Conversion System

This document provides detailed information about arraybridge’s conversion system, including the algorithms, optimization strategies, and implementation details.

Overview

arraybridge provides automatic conversion between six array/tensor frameworks using a combination of zero-copy operations (via DLPack) and NumPy-based fallback conversions.

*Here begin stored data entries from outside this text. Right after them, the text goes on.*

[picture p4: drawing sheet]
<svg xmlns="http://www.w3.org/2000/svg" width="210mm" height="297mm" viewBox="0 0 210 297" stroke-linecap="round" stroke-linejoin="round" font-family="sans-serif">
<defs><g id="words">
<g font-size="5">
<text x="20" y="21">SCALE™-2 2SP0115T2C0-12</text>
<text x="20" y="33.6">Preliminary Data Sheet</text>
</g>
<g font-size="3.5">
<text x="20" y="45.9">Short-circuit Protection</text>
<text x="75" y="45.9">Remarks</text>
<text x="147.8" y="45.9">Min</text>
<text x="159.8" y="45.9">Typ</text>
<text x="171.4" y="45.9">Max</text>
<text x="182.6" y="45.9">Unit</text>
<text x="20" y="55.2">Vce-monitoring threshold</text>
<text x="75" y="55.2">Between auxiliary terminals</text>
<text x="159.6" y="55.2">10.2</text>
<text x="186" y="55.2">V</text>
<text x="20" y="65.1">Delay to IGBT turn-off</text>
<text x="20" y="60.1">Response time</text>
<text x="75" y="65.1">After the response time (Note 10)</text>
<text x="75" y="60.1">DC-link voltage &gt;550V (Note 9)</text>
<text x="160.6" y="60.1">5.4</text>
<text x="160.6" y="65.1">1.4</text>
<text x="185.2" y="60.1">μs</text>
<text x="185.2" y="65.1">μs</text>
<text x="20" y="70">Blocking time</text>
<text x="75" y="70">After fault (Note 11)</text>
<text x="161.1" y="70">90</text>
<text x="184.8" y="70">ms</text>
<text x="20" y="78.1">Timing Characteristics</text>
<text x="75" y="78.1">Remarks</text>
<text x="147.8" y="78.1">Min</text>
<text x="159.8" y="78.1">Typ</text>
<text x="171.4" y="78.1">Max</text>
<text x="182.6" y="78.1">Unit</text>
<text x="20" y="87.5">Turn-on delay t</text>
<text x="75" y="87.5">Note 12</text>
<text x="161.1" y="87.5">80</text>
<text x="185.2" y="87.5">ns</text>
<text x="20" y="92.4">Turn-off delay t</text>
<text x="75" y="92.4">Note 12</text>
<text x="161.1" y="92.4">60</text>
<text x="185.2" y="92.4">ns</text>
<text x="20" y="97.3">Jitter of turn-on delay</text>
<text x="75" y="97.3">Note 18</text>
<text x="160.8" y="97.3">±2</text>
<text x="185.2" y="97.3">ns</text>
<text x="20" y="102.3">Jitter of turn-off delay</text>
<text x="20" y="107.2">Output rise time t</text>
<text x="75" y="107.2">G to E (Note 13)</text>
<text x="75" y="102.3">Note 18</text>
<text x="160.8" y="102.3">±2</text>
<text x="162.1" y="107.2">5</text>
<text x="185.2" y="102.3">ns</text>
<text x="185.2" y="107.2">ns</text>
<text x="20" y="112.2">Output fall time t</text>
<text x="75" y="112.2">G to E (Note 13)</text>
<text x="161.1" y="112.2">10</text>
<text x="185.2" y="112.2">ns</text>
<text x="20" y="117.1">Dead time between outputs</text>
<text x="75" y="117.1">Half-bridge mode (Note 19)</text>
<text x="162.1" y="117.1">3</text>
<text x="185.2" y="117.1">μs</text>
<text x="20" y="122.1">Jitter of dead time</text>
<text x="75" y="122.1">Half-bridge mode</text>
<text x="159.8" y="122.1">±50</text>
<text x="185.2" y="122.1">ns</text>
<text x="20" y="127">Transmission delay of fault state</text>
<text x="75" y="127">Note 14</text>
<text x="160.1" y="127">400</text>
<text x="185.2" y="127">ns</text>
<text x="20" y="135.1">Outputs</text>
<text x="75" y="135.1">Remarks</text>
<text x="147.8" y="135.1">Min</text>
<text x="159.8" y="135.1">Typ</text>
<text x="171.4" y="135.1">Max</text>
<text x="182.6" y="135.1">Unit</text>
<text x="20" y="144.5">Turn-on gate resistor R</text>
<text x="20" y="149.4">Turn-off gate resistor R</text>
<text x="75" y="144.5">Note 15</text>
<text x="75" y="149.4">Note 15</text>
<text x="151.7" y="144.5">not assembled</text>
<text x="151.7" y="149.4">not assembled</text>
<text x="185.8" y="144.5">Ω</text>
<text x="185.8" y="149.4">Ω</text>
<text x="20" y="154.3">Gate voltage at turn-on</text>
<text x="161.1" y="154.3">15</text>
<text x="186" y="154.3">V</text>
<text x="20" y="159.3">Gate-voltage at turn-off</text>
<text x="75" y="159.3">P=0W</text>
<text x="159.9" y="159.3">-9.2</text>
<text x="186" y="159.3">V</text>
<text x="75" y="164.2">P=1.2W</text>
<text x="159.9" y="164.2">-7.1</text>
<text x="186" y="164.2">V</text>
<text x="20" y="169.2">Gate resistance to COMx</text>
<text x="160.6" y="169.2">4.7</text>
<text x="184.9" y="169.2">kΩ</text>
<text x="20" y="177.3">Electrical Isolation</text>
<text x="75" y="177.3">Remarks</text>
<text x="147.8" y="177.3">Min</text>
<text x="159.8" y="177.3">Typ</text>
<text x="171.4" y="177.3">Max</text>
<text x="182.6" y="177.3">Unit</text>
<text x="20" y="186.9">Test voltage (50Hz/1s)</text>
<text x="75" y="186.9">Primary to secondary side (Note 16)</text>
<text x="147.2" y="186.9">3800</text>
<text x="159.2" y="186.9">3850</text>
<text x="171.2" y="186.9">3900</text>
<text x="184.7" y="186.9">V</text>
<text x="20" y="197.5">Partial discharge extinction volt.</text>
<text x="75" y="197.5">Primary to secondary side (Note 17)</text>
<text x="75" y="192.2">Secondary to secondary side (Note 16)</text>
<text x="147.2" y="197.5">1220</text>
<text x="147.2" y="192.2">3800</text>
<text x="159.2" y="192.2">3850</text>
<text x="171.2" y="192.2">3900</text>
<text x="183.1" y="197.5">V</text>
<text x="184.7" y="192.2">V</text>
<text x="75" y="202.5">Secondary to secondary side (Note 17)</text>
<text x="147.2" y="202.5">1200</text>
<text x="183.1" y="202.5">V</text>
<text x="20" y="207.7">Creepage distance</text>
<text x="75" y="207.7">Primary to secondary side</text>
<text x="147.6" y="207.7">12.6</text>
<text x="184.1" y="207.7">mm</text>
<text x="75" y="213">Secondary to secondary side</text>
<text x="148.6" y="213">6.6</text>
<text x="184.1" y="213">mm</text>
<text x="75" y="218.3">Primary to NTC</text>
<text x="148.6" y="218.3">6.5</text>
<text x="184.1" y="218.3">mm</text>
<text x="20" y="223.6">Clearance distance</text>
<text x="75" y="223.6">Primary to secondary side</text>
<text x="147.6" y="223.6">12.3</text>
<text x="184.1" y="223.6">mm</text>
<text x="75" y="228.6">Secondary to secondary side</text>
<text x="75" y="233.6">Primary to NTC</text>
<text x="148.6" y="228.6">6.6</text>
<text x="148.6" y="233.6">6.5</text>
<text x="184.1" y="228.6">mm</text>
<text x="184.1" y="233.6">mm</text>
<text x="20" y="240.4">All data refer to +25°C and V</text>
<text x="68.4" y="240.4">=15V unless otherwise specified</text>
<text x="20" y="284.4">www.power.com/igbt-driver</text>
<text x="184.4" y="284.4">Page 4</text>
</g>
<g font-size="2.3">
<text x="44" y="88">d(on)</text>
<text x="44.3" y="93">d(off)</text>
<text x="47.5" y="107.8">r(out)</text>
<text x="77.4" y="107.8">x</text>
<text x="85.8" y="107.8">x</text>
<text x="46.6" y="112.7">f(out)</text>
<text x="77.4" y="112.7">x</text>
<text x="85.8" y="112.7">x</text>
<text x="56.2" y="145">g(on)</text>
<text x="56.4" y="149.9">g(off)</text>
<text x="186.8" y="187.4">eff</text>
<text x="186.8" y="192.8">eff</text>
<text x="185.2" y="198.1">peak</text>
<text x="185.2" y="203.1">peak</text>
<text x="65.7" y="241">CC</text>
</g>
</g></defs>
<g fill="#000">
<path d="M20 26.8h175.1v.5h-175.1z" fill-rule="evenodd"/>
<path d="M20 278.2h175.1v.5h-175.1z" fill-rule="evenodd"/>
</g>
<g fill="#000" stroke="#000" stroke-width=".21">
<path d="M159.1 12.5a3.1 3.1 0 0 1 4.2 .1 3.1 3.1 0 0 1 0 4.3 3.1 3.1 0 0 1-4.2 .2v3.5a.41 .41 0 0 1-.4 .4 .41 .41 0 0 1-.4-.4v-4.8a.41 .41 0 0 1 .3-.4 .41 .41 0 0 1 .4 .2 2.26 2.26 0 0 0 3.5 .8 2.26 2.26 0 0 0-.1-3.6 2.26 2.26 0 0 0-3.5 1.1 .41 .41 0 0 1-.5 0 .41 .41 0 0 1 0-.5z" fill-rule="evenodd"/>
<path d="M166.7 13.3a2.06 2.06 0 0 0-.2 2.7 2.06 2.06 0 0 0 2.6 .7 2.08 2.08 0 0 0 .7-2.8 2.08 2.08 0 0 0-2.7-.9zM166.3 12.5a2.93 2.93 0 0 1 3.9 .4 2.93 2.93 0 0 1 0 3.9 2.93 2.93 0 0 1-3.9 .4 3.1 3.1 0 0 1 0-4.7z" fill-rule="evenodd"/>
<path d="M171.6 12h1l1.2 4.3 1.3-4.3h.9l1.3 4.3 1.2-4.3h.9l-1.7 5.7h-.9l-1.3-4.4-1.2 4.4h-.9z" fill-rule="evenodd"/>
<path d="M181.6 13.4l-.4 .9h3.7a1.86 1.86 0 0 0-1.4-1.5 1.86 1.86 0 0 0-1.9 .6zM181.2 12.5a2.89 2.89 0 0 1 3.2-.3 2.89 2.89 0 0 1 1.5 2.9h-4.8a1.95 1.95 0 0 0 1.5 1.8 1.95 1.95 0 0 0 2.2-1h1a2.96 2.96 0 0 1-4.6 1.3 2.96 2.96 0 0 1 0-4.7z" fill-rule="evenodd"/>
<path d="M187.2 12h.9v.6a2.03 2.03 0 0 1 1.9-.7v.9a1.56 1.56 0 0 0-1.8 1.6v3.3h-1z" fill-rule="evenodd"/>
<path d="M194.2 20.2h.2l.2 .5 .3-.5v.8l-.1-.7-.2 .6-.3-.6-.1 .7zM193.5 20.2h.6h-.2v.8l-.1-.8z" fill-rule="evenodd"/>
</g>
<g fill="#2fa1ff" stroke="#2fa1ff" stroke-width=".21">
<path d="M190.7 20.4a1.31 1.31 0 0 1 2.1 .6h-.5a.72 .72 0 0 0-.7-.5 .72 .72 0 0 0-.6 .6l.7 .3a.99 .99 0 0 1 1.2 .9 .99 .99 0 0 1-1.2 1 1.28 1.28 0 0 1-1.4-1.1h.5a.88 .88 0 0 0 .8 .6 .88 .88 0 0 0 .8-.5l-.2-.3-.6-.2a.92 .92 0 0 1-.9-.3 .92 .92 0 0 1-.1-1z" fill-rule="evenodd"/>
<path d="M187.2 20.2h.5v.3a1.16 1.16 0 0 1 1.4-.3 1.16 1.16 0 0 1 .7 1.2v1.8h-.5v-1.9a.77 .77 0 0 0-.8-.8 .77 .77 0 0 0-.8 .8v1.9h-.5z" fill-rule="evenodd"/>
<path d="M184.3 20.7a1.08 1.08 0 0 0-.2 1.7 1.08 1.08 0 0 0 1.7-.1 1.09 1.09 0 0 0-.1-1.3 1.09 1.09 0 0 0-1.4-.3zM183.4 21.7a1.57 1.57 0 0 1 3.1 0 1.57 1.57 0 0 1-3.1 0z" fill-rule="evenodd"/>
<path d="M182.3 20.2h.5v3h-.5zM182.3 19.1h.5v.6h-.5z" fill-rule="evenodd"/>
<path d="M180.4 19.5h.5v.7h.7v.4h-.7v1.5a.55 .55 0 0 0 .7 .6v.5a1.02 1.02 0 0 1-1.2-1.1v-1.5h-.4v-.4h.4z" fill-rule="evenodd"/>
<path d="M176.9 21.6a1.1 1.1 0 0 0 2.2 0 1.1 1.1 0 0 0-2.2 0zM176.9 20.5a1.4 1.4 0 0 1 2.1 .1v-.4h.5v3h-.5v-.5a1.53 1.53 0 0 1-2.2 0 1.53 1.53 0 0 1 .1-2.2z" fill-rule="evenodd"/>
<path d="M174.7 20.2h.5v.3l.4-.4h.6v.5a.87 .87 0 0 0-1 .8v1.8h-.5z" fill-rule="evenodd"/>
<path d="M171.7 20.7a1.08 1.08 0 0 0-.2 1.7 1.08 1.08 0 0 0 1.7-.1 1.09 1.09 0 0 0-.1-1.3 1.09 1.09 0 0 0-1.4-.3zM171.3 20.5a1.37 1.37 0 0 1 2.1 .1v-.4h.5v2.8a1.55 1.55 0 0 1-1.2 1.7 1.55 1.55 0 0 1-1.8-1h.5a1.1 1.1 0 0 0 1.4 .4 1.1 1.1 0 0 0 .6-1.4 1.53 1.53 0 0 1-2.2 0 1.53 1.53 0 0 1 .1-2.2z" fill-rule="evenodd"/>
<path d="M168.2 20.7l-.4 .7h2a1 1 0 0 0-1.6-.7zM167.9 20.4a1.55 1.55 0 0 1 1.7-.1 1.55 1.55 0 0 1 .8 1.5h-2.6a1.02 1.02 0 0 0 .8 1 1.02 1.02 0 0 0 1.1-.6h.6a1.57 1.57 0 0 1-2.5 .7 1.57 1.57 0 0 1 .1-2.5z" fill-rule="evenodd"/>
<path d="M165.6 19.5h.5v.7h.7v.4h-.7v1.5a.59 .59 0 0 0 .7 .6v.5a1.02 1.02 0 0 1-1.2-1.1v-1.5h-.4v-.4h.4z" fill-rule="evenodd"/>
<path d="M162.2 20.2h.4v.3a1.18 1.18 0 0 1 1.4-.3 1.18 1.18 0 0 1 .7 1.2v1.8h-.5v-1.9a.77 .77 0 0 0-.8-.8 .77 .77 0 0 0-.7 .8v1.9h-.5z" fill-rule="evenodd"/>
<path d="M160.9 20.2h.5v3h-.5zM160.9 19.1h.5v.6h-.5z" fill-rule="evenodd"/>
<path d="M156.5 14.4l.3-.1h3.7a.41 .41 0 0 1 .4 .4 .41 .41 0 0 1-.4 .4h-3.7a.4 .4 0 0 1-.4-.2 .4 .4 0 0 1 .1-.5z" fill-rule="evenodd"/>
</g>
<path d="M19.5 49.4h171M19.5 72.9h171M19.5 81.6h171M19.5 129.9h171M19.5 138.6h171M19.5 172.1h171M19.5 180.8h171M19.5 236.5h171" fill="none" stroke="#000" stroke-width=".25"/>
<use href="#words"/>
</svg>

The conversion system is designed to be:

Fast: Uses zero-copy when possible via DLPack
Reliable: Falls back to NumPy bridge when needed
Type-preserving: Maintains dtypes across conversions
Device-aware: Handles CPU/GPU device management

Core Functions

detect_memory_type

Detect the framework and memory type of an array or tensor.

from arraybridge import detect_memory_type

# Returns: 'numpy', 'cupy', 'torch', 'tensorflow', 'jax', 'pyclesperanto', or None
mem_type = detect_memory_type(array)

Implementation Details:

Uses isinstance() checks for known types
Returns None for unsupported types
Handles both CPU and GPU arrays
Thread-safe and performant

Supported Types:

NumPy: numpy.ndarray
CuPy: cupy.ndarray
PyTorch: torch.Tensor
TensorFlow: tensorflow.Tensor, tensorflow.EagerTensor
JAX: jax.Array, jaxlib.xla_extension.DeviceArray
pyclesperanto: pyclesperanto_prototype._tier0._pycl.OCLArray

convert_memory

Convert arrays between different memory types and devices.

from arraybridge import convert_memory

result = convert_memory(
    data,
    source_type='numpy',
    target_type='torch',
    gpu_id=0
)

Parameters:

data: Input array/tensor
source_type: Source memory type (MemoryType or str)
target_type: Target memory type (MemoryType or str)
gpu_id: GPU device ID (default: 0), None for CPU

Returns:

Converted array/tensor in the target format

Raises:

MemoryConversionError: If conversion fails

Conversion Strategies

DLPack (Zero-Copy)

DLPack enables zero-copy sharing of GPU memory between frameworks.

Supported Paths:

CuPy ↔ PyTorch (GPU only)
CuPy ↔ JAX (GPU only)
PyTorch ↔ JAX (GPU only)

Example:

import cupy as cp
from arraybridge import convert_memory

# Create CuPy array on GPU
cupy_data = cp.random.rand(1000, 1000)

# Zero-copy conversion to PyTorch
torch_data = convert_memory(cupy_data, 'cupy', 'torch', gpu_id=0)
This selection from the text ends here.